(Source records)
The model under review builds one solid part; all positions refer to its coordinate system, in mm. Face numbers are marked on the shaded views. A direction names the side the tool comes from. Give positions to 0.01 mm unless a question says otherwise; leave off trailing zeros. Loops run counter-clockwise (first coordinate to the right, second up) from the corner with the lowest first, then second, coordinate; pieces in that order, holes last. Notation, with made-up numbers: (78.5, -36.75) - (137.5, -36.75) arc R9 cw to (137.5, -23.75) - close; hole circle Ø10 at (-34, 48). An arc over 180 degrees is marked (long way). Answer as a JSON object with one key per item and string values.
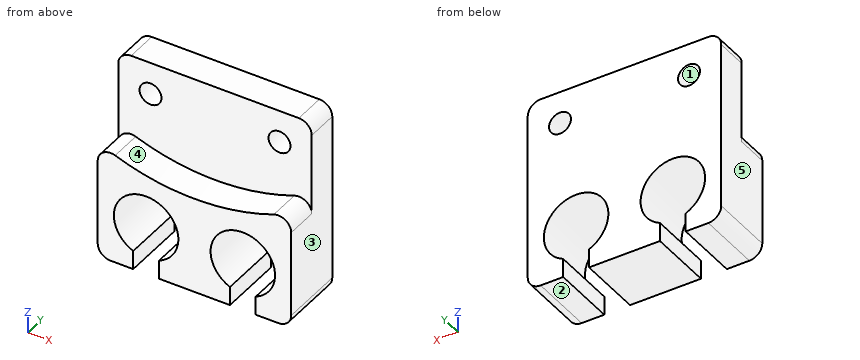
Autodesk Inventor part; units mm, degrees
ref_plane "YZ Plane" through (0, 0, 0) normal (1, 0, 0) x (0, 1, 0)
ref_plane "XZ Plane" through (0, 0, 0) normal (0, 1, 0) x (-1, 0, 0)
ref_plane "XY Plane" through (0, 0, 0) normal (0, 0, 1) x (1, 0, 0)
sketch "スケッチ1" plane through (0, 0, 0) normal (0, 1, 0) x (-1, 0, 0)
  line L0 (15, 10) -> (-15, 10)
  line L1 (-15, 10) -> (-15, -20)
  line L2 (-15, -20) -> (15, -20)
  line L3 (15, -20) -> (15, 10)
  line L4 (15, 10) -> (-15, -20) construction
  line L5 (-15, 10) -> (15, -20) construction
  point P0 (0, 0)
  point P1 (0, -5)
  dimension "d0" = 30
  dimension "d15" = 10
  dimension "d16" = 20
extrude "押し出し1" add sketch "スケッチ1" along normal mid plane 10
sketch "スケッチ2" plane through (0, 5, 0) normal (0, 1, 0) x (1, 0, 0)
  line L0 (-15, -10) -> (15, -10)
  point P0 (0, 0)
  point P1 (-10, -5)
  point P2 (10, -5)
  dimension "d4" = 10
  dimension "d5" = 10
  dimension "d6" = 5
hole "穴1" at (-10, 5, 5) at (10, 5, 5) direction (0, -1, 0) diameter 3.4 end through all
sketch "スケッチ3" plane through (0, -5, 0) normal (0, -1, 0) x (1, 0, 0)
  circle A0 centre (0, 30) radius 34.9965
  circle A1 centre (-10, 5) radius 1.7
  point P0 (0, 0)
  dimension "d17" = 25
  dimension "d18" = 69.993
extrude "押し出し2" cut sketch "スケッチ3" against normal blind 5
fillet "フィレット1" radius 2 2 edges at (15, -2.5, -1.6189) (-15, -2.5, -1.6189)
fillet "フィレット2" radius 2 2 edges at (15, 2.5, 10) (-15, 2.5, 10)
fillet "フィレット3" radius 2 2 edges at (15, 0, -20) (-15, 0, -20)
sketch "スケッチ4" plane through (0, 5, 0) normal (0, 1, 0) x (1, 0, 0)
  circle A0 centre (-7.5, 12.5) radius 5
  circle A1 centre (7.5, 12.5) radius 5
  line L0 (13, 20) -> (-13, 20)
  line L1 (-15, 18) -> (-15, -8)
  line L2 (15, -8) -> (15, 18)
  point P0 (0, 0)
  dimension "d26" = 10
  dimension "d27" = 10
  dimension "d28" = 7.5
  dimension "d29" = 7.5
  dimension "d30" = 7.5
  dimension "d31" = 7.5
extrude "押し出し3" cut sketch "スケッチ4" against normal through all
sketch "スケッチ5" plane through (0, 5, 0) normal (0, 1, 0) x (1, 0, 0)
  circle A0 centre (-7.5, 12.5) radius 5
  circle A1 centre (7.5, 12.5) radius 5
  line L0 (-9.5, 17.0826) -> (-5.5, 17.0826)
  line L1 (-5.5, 17.0826) -> (-5.5, 20)
  line L2 (-5.5, 20) -> (-9.5, 20)
  line L3 (-9.5, 20) -> (-9.5, 17.0826)
  line L4 (-9.5, 17.0826) -> (-5.5, 20) construction
  line L5 (-5.5, 17.0826) -> (-9.5, 20) construction
  line L6 (5.5, 17.0826) -> (9.5, 17.0826)
  line L7 (9.5, 17.0826) -> (9.5, 20)
  line L8 (9.5, 20) -> (5.5, 20)
  line L9 (5.5, 20) -> (5.5, 17.0826)
  line L10 (5.5, 17.0826) -> (9.5, 20) construction
  line L11 (9.5, 17.0826) -> (5.5, 20) construction
  line L12 (13, 20) -> (-13, 20)
  point P0 (0, 0)
  point P1 (-7.5, 18.5413)
  point P2 (7.5, 18.5413)
  point P3 (-7.5, 18.5413)
  point P4 (7.5, 18.5413)
  dimension "d34" = 4
  dimension "d35" = 4
extrude "押し出し4" cut sketch "スケッチ5" against normal through all contours L8 L7 A1 L9 | L0 A0 | A0 L3 L2 L1 | A1 L6 picked at (-7.8405, 17.1866) picked at (7.1595, 17.1866)
equation "\"d29\" = d28"
equation "\"d30\" = d28"
equation "\"d31\" = d29"
equation "\"d35\" = d34"
properties part number "scara-base11" material "ABS プラスチック"
Q1. Consider section C-C, the plane x = 10. State the section outline as (y, z) points.
Results:
{"outline": "(-5, -20) - (5, -20) - (5, -16.83) - (-5, -16.83) - close; (-5, -8.17) - (5, -8.17) - (5, 3.3) - (0, 3.3) - (0, -3.54) - (-5, -3.54) - close; (0, 6.7) - (5, 6.7) - (5, 10) - (0, 10) - close"}
Q2. Clearance check with flat-ended pins moving along their axes: pin 1 Ø0.9 at (y, z) = (-1, -19) entering from +X; pin 2 Ø2.5 at (x, z) = (-10, 5) entering from +Y; pin 3 Ø4 at (x, z) = (10, 5) entering from -Y; pin 4 Ø8 at (x, z) = (9.5, -12.5) entering from -Y. State where each tip first meets the part, or that it passes through.
Results:
{"pin 1": "stops at x = 14.92", "pin 2": "passes through", "pin 3": "stops at y = 0", "pin 4": "stops at y = -5"}
Q3. Consider section D-D, the plane y = -3. State the section outline as (x, z) points.
Results:
{"outline": "(-15, -18) arc R2 ccw to (-13, -20) - (-9.5, -20) - (-9.5, -17.08) arc R5 cw (long way) to (-5.5, -17.08) - (-5.5, -20) - (5.5, -20) - (5.5, -17.08) arc R5 cw (long way) to (9.5, -17.08) - (9.5, -20) - (13, -20) arc R2 ccw to (15, -18) - (15, -4.64) arc R2 ccw to (12.3, -2.76) arc R35 cw to (-12.3, -2.76) arc R2 ccw to (-15, -4.64) - close"}
Q4. To check wall thickness, follow probe 1 along X at (y, z) = (3.5, 5); probe 2 along X at (y, z) = (-2, -12.5); probe 3 along Y at (x, z) = (2.5, 5). State the ranges of each line that lie inside material, in increasing order. Write a range as [from, to].
Results:
{"probe 1": "x = [-15, -11.7], [-8.3, 8.3], [11.7, 15]", "probe 2": "x = [-15, -12.5], [-2.5, 2.5], [12.5, 15]", "probe 3": "y = [0, 5]"}
Q5. Consider section B-B, the plane y = 1.75. State the section outline as (x, z) points.
Results:
{"outline": "(-15, -18) arc R2 ccw to (-13, -20) - (-9.5, -20) - (-9.5, -17.08) arc R5 cw (long way) to (-5.5, -17.08) - (-5.5, -20) - (5.5, -20) - (5.5, -17.08) arc R5 cw (long way) to (9.5, -17.08) - (9.5, -20) - (13, -20) arc R2 ccw to (15, -18) - (15, 8) arc R2 ccw to (13, 10) - (-13, 10) arc R2 ccw to (-15, 8) - close; hole circle Ø3.4 at (-10, 5); hole circle Ø3.4 at (10, 5)"}
Q6. For the marked faces 4 and 5, list the 3-axis set-ups (+Z, -Z, +X, -X, +Y, -Y) from which the entire face can be reached by the end or side of a thin tool; tool diameter is ignored.
Results:
{"face 4": "+Z, -Y", "face 5": "+Z, -Z, -X, +Y, -Y"}
Q7. The part is to be moulded in two halves that separate along X. For the marked faces 1, 2 and 3, say which applies: +X half, -X half, draft (parallel to the pull), parting line (faces both ways), or undercut.
Results:
{"face 1": "undercut", "face 2": "draft", "face 3": "+X half"}
Q8. Consider section A-A, the plane z = 5. State the section outline as (x, y) points, plus the area to 3 significant figures.
Results:
{"outline": "(-15, 0) - (-11.7, 0) - (-11.7, 5) - (-15, 5) - close; (-8.3, 0) - (8.3, 0) - (8.3, 5) - (-8.3, 5) - close; (11.7, 0) - (15, 0) - (15, 5) - (11.7, 5) - close", "area": "116 mm^2"}

> **Exercise description**:
In the data above, how many lines contain the word "with"? Only the number is wanted.

> **Response**:
2